We are using RQ with our WSGI application. What we do is have several different processes in different back-end servers that run the tasks, connecting to (possibly) several different task servers. To better configure this setup, we are using a custom management layer in our system which takes care of running workers, setting up the task queues, etc.
When a job fails, we would like to implement a retry, which retries a job several times after an increasing delay, and eventually either complete it or have it fail and log an error entry in our logging system. However, I am not sure how this should be implemented.
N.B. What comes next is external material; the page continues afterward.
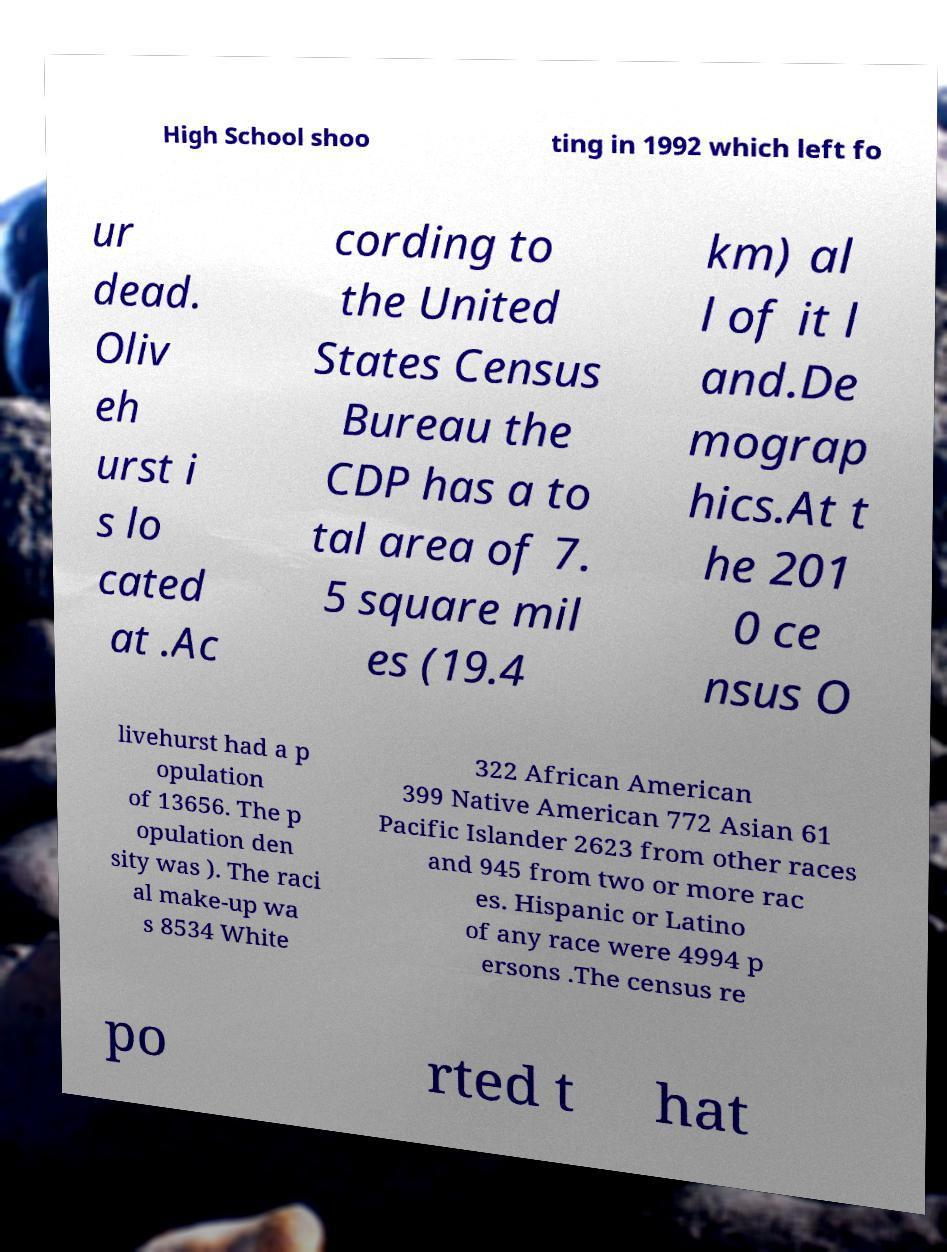Please read and relay the text visible in this image. What does it say? High School shoo ting in 1992 which left fo ur dead. Oliv eh urst i s lo cated at .Ac cording to the United States Census Bureau the CDP has a to tal area of 7. 5 square mil es (19.4 km) al l of it l and.De mograp hics.At t he 201 0 ce nsus O livehurst had a p opulation of 13656. The p opulation den sity was ). The raci al make-up wa s 8534 White 322 African American 399 Native American 772 Asian 61 Pacific Islander 2623 from other races and 945 from two or more rac es. Hispanic or Latino of any race were 4994 p ersons .The census re po rted t hat

I have already created a custom worker script which allows us to log error to our database, and my first attempt at retry was something along the lines of this:
# This handler would ideally wait some time, then requeue the job.
def worker_retry_handler(job, exc_type, exc_value, tb):
print 'Doing retry handler.'
current_retry = job.meta[attr.retry] or 2
if current_retry >= 129600:
log_error_message('Job catastrophic failure.', ...)
else:
current_retry *= 2
log_retry_notification(current_retry)
job.meta[attr.retry] = current_retry
job.save()
time.sleep(current_retry)
job.perform()
return False
As I mentioned, we also have a function in the worker file which correctly resolves the server to which it should connect, and can post jobs. The problem is not necessarily how to publish a job, but what to do with the job instance that you get in the exception handler.
Any help would be greatly appreciated. If there are suggestions or pointers on better ways to do this would also be great. Thanks!